Discriminating between circumcenter and centroid on a diagram
On a clean diagram, the circumcenter and centroid are visually distinct. The circumcenter lies at the intersection of perpendicular bisectors, which are not drawn as part of a standard triangle diagram unless the problem explicitly requires them. The centroid, by contrast, is the intersection of medians — lines that connect vertices to side midpoints, which are more common in geometry diagrams because the midpoint is a natural reference point. If a YÖS problem shows a triangle with one or more midpoints already marked, the intended special point is almost certainly the centroid. If the problem instead mentions perpendicular bisectors or a circle through the vertices, the circumcenter is the intended point.
The obtuse triangle complication
The circumcenter has one behaviour that catches unprepared candidates: in an obtuse triangle, the circumcenter lies outside the triangle. This is not merely an abstract property — it changes how the diagram looks and can make problems involving circumradius in obtuse triangles feel unfamiliar if you have only studied acute triangle configurations. YÖS writers occasionally exploit this by presenting an obtuse triangle with a labelled circumcenter outside the triangle and asking for a length or angle relationship. The property remains the same (equidistant from all three vertices), but the external position requires more careful diagram reading.
The incenter: angle bisectors and the inradius connection
The incenter is constructed at the intersection of the three internal angle bisectors of a triangle. Its defining property — equidistant from all three sides — means that the perpendicular distance from the incenter to any side equals the inradius. This is the starting point for a family of YÖS problems that combine angle bisector properties with area formulas.
The area of any triangle can be expressed as the semiperimeter multiplied by the inradius: Area = r × s, where r is the inradius and s is the semiperimeter (half the perimeter). For a triangle with sides of lengths a, b, and c, the semiperimeter is s = (a + b + c) / 2. When a YÖS problem provides the side lengths and asks for the inradius or the distance from the incenter to a vertex, this formula is the most direct route — but it is often overlooked by candidates who attempt to solve the problem using angle bisector ratios alone.
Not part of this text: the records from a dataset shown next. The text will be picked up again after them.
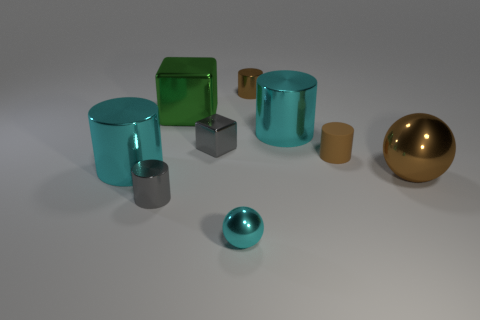Is there any other thing of the same color as the tiny shiny cube?
Your response must be concise. Yes. Is the number of small cyan spheres that are on the right side of the tiny cyan object the same as the number of cyan metal cylinders that are behind the green thing?
Ensure brevity in your answer.  Yes. Is the number of cyan metal cylinders to the left of the tiny gray block greater than the number of tiny cyan rubber cylinders?
Keep it short and to the point. Yes. How many objects are big cyan cylinders to the right of the tiny sphere or large brown rubber balls?
Ensure brevity in your answer.  1. What number of small spheres have the same material as the green thing?
Ensure brevity in your answer.  1. What shape is the rubber thing that is the same color as the large metal ball?
Your answer should be compact. Cylinder. Is there a gray metal object that has the same shape as the large brown metallic thing?
Your answer should be compact. No. The brown metallic thing that is the same size as the green object is what shape?
Offer a terse response. Sphere. There is a large metallic sphere; is its color the same as the shiny cylinder behind the big shiny cube?
Make the answer very short. Yes. How many blocks are behind the large cyan cylinder behind the gray metal block?
Your answer should be compact. 1. 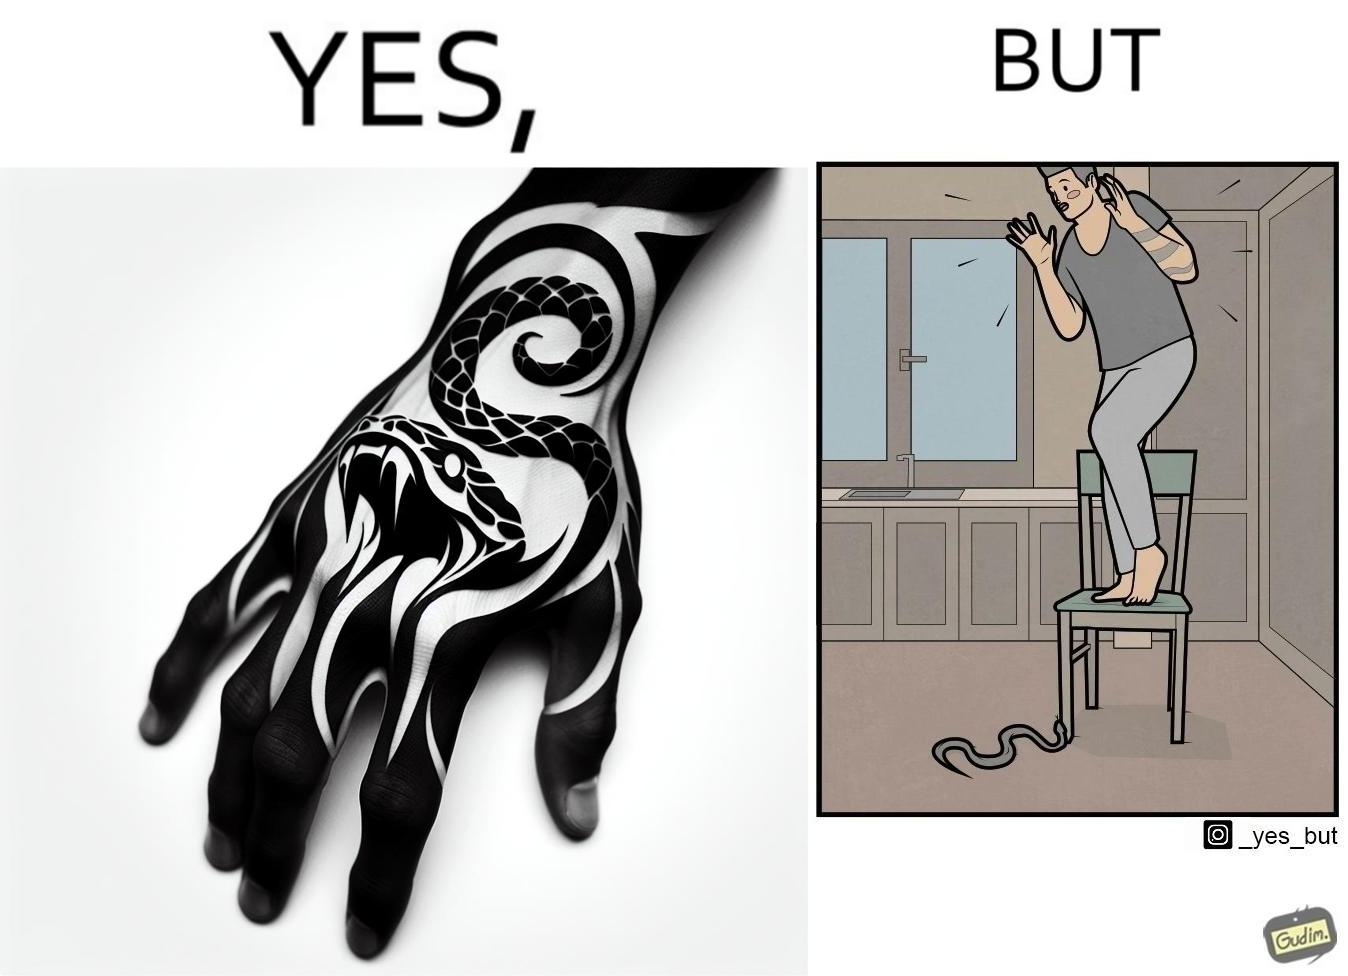Is this image satirical or non-satirical? Yes, this image is satirical.

Angle bisector length and its formula
The internal angle bisector of angle A divides the opposite side BC into segments proportional to the adjacent sides: BD / DC = AB / AC. This is the Angle Bisector Theorem, and it applies to the incenter as a special case since the incenter lies on every angle bisector. YÖS problems involving the incenter frequently give two side lengths and a ratio on the opposite side, then ask for a third side length or an angle. The Angle Bisector Theorem combined with the semiperimeter-inradius relationship gives candidates two independent tools for the same problem family — checking which tool the problem invites based on the given quantities.
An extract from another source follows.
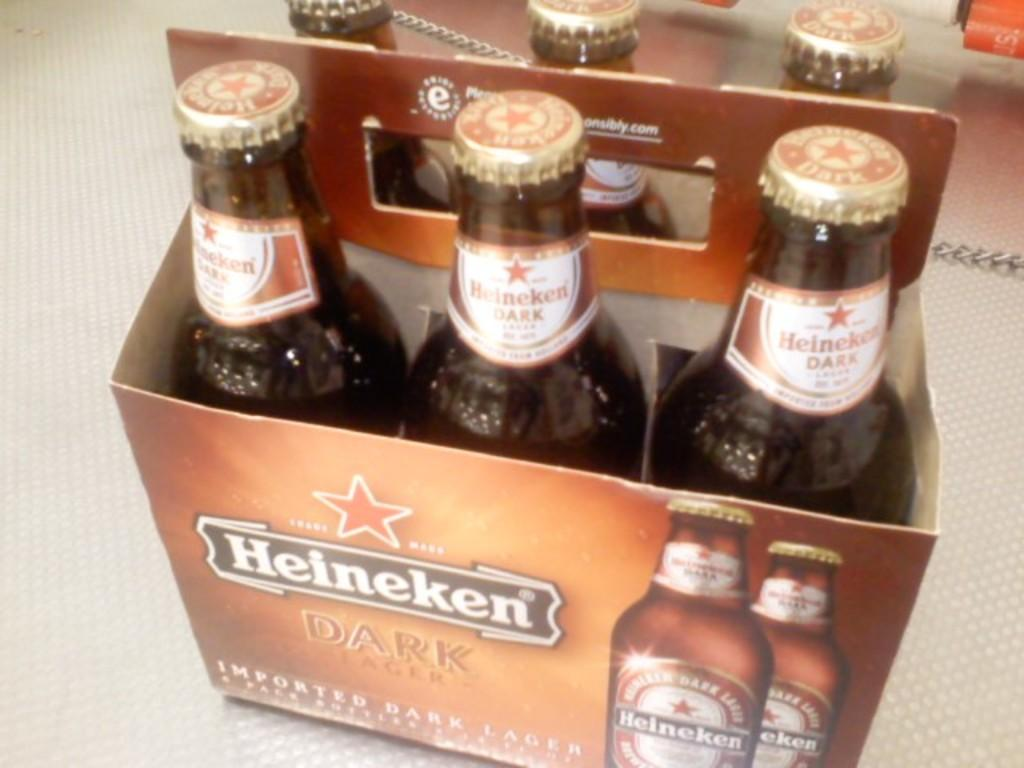<image>
Offer a succinct explanation of the picture presented. A case of heineken sits on a white counter

Common incenter problem disguises
A typical YÖS incenter problem might read: "The internal bisector of angle A meets side BC at point D. If AB = 8, AC = 6, and BD = 12, find DC." The Angle Bisector Theorem immediately gives DC = 9. No diagram of the incenter is needed — the theorem applies as soon as an angle bisector and the two adjacent sides are mentioned. Other problem variants mention an incircle (the circle tangent to all three sides with centre at the incenter) and ask for a length, area, or angle. In such cases, the inradius property is the entry point.